Como bien se ve, en el entremés se asume por los personajes el prejuicio contra los cristianos nuevos. Pero no se cuestiona el prejuicio, ni menos aún se rehabilita a los cristianos nuevos. Puesto que los que no ven las maravillas se exponen también al cargo de ser bastardos, quien sostenga que Cervantes censura los prejuicios sobre los cristianos nuevos está obligado a admitir que también censura el prejuicio sobre los bastardos. Pero ¿quién se atreve en serio a defender que Cervantes no compartía el prejuicio de su época contra los hijos ilegítimos? El ilustre escritor ni cuestiona esto ni la mancha que supone para alguien el ser un cristiano nuevo; se limita a jugar humorísticamente con ello, pero dando por supuesta la vigencia de los tópicos sobre los bastardos y los cristianos nuevos.

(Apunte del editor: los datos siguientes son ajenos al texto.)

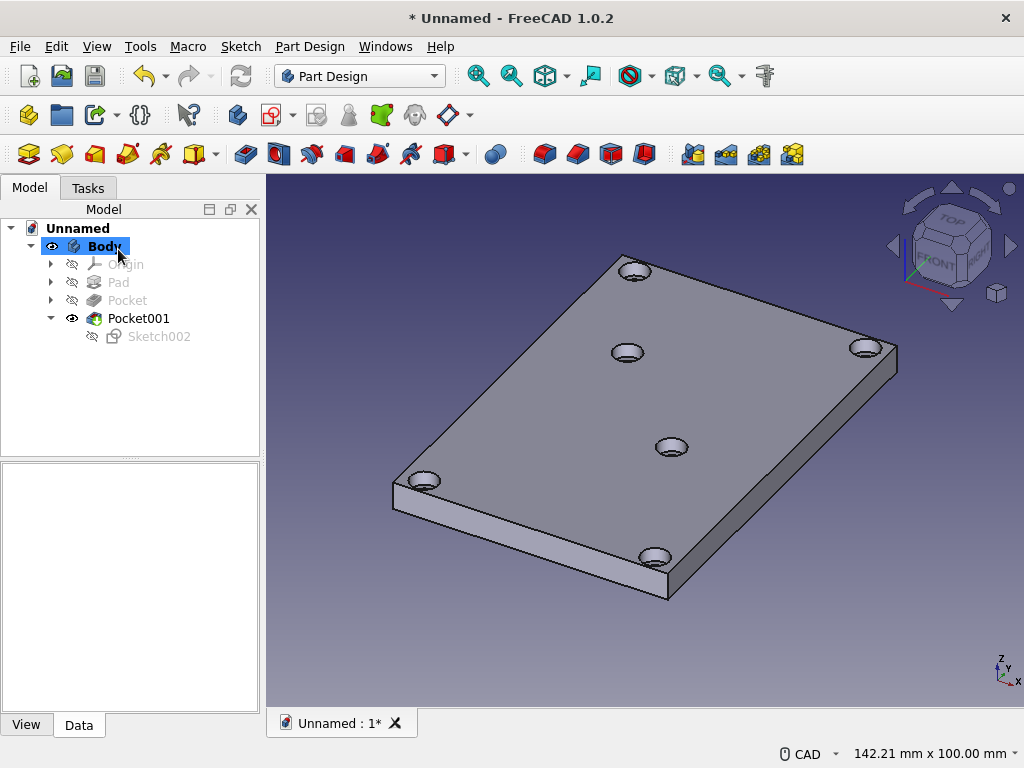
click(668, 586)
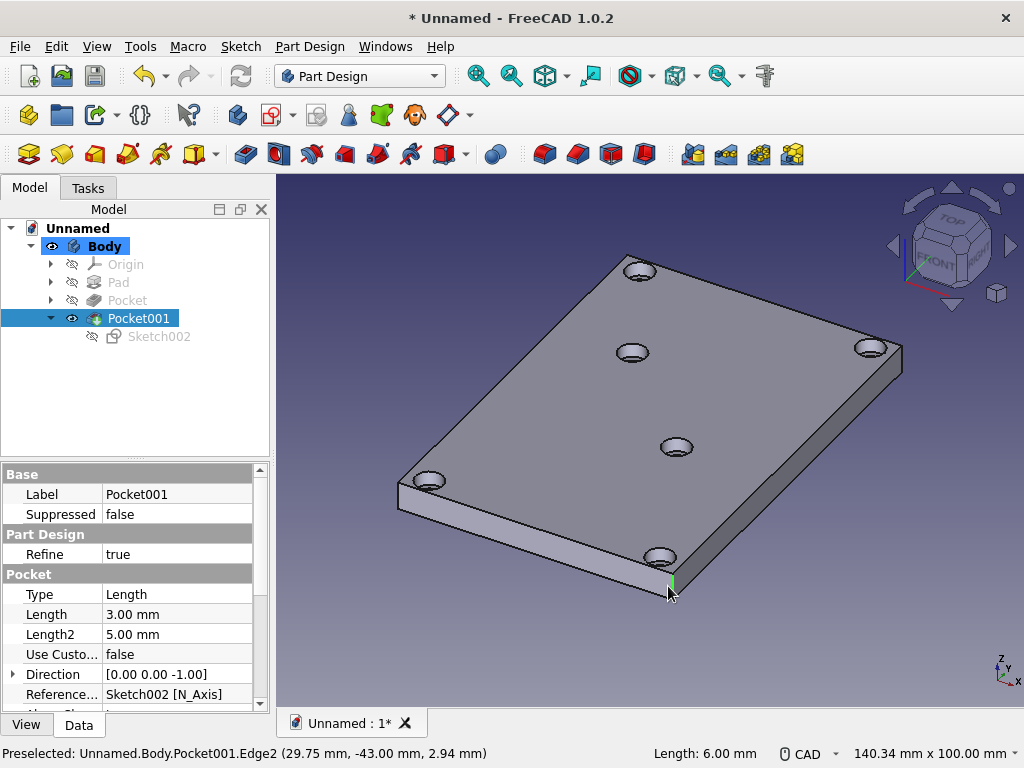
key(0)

Por último, añadamos que hay una obra en la que se hace una referencia directa, pero burlesca, a un judeoconverso. Se trata de El licenciado Vidriera, donde el protagonista del relato al ver entrar un labrador de los que siempre blasonan de cristianos viejos y detrás a un converso judío («uno que no estaba en tan buena opinión como el primero»), le dice a grandes voces al labrador: «Esperad, Domingo, a que pase el Sábado» (Novelas ejemplares, II, Cátedra, pág. 56). Esto es lo que dice Vidriera, pero el narrador se abstiene de poner en solfa la mala fama de los judeoconversos.